(INFORMATION GIVEN):

= Beginning of Section =

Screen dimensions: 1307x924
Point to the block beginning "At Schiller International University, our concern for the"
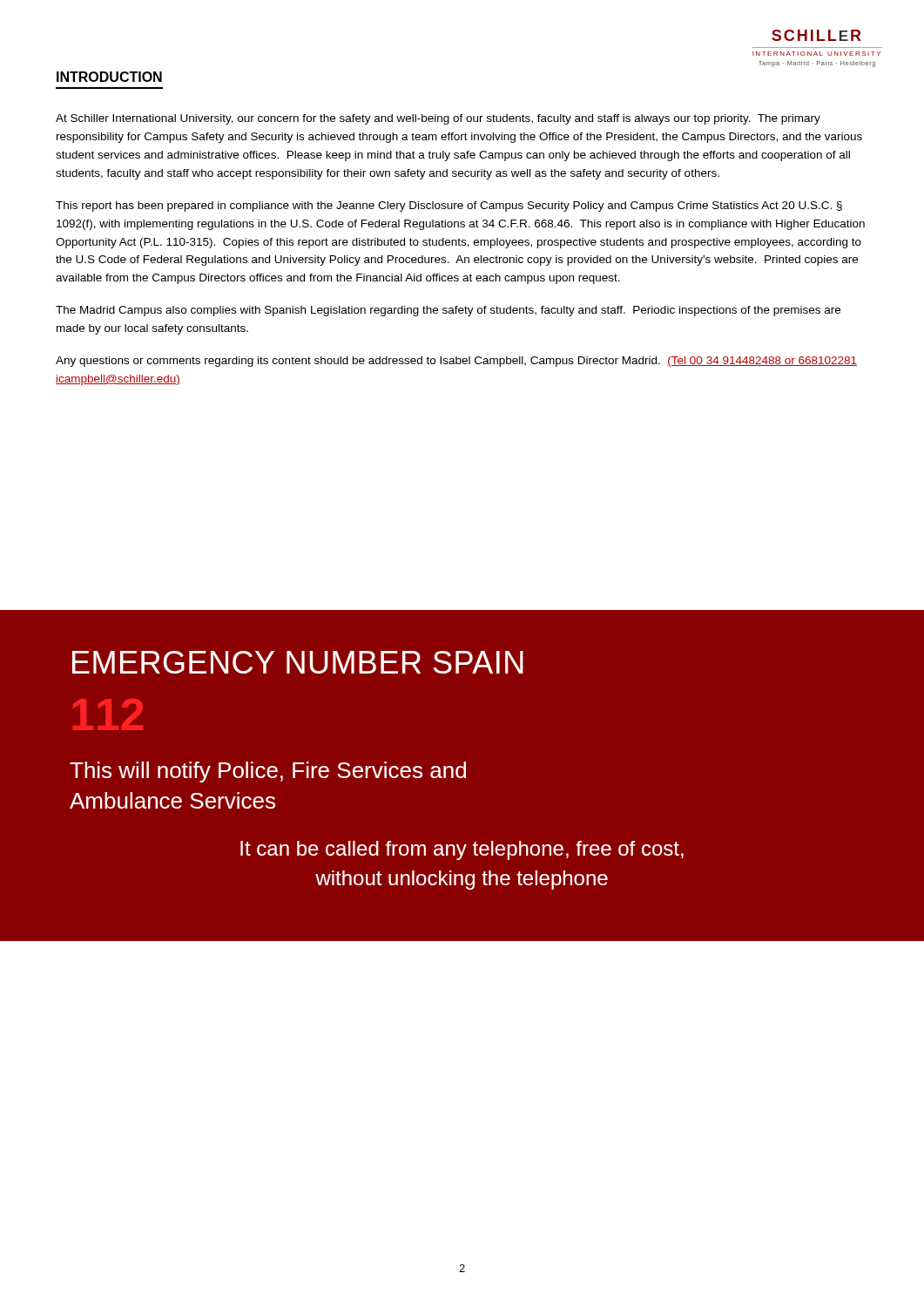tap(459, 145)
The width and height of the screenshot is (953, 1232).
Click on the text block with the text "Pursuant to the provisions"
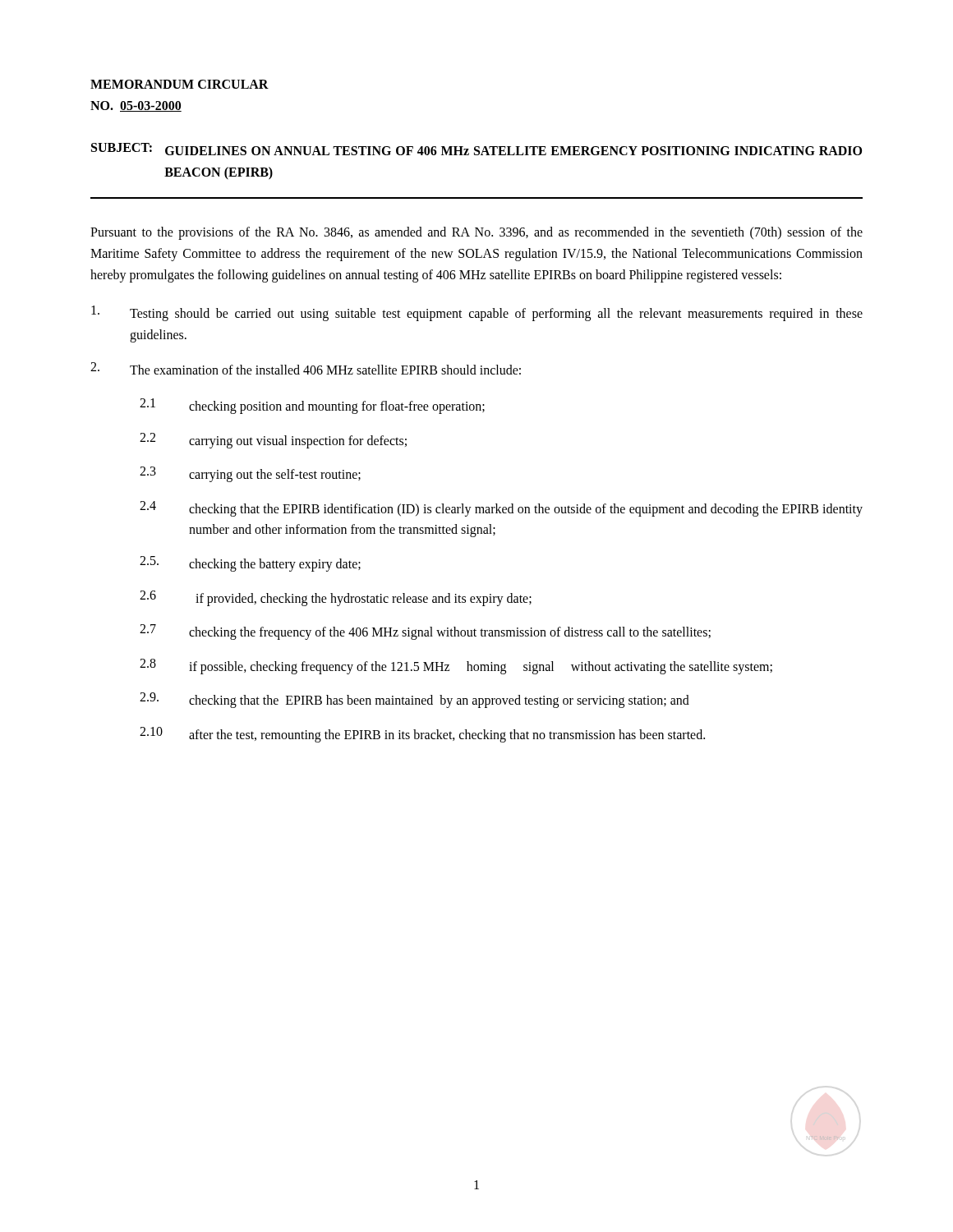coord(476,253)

= End of Section =
= Beginning of Section =

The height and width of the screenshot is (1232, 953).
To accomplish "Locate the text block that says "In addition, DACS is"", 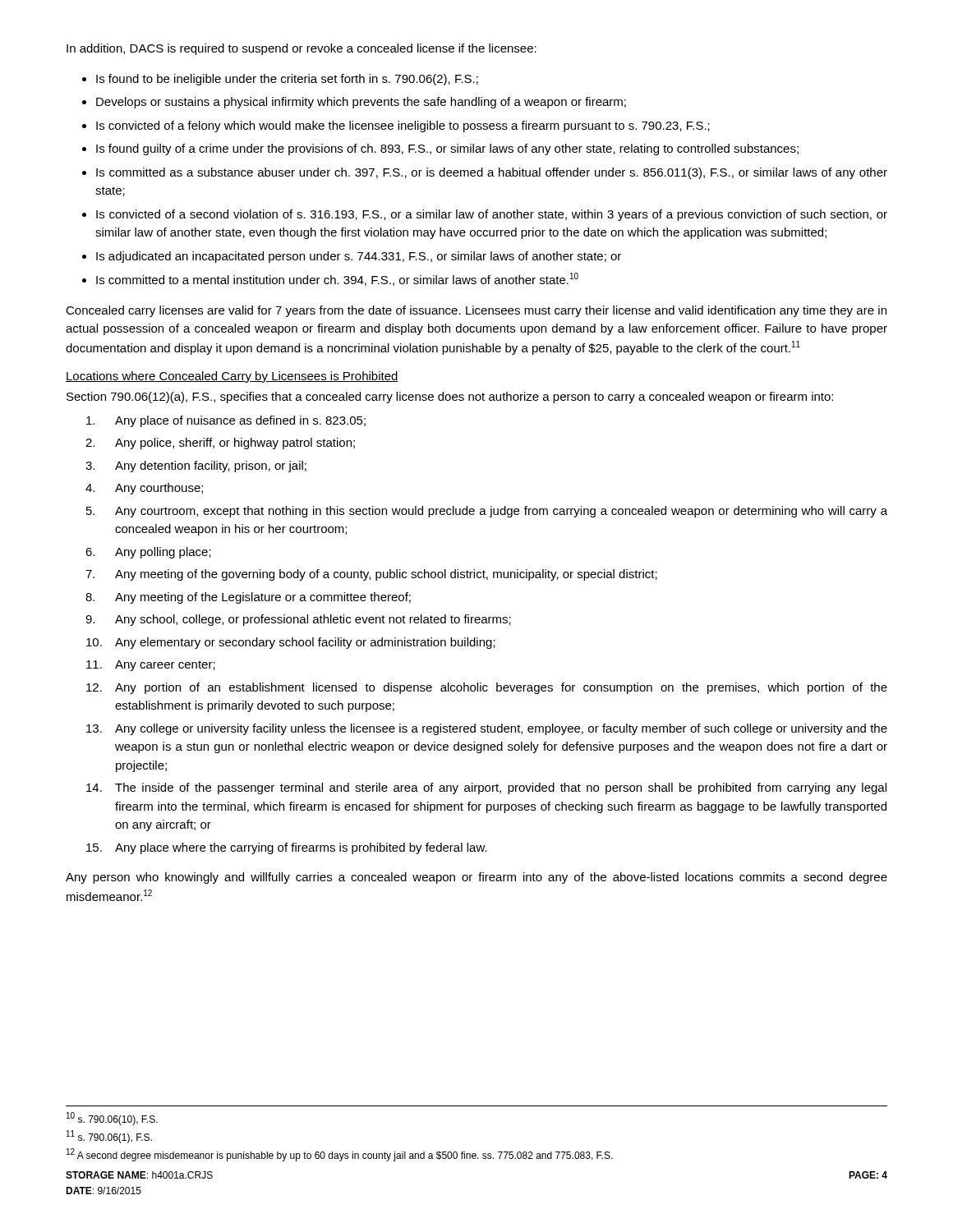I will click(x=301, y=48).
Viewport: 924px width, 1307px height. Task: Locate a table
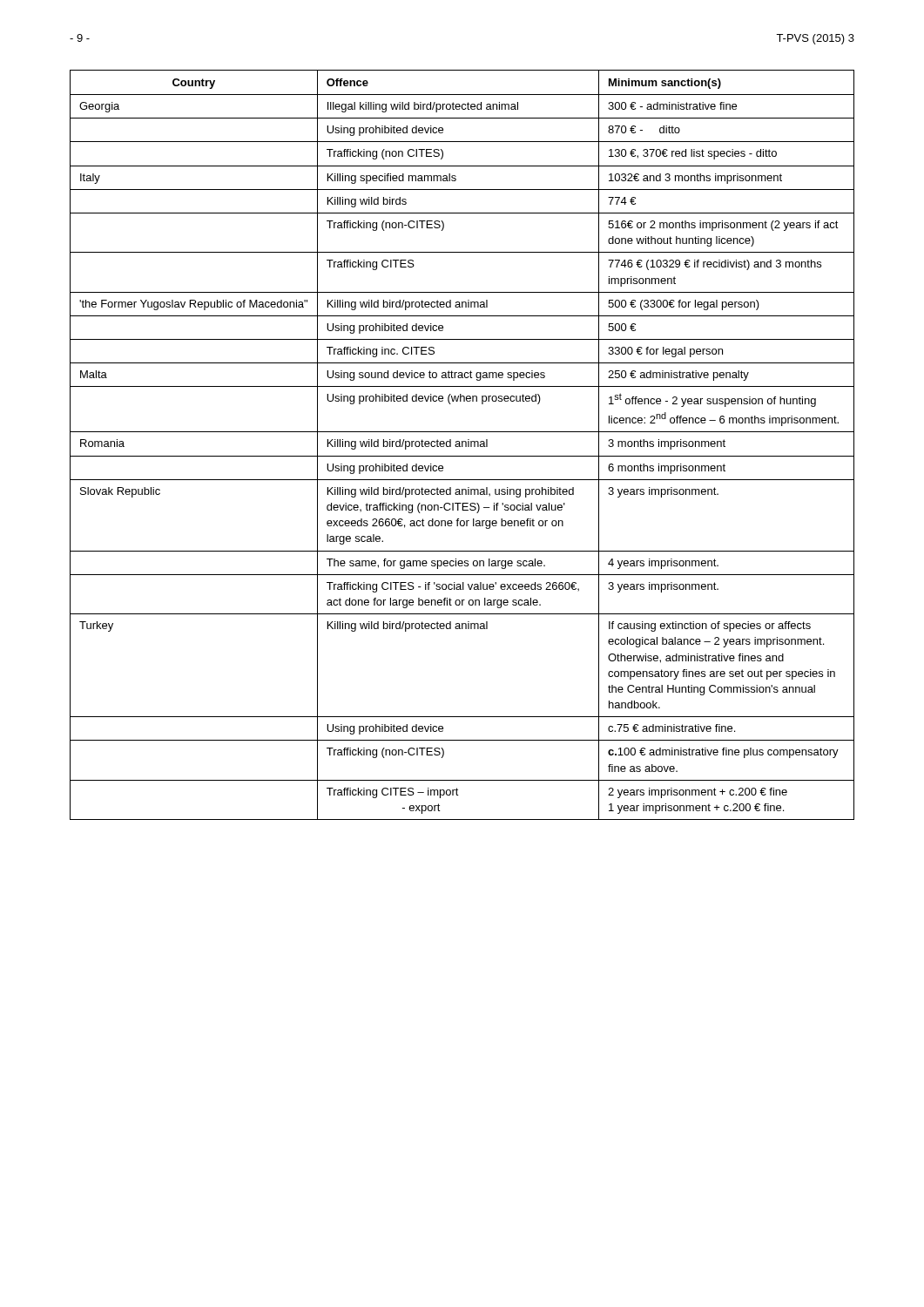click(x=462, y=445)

= End of Section =

(REQUIREMENT): Scan the lines above, and whenever one holds the string "screenshot", copy it.

(SOLUTION):
The width and height of the screenshot is (953, 1232).
The height and width of the screenshot is (1232, 953).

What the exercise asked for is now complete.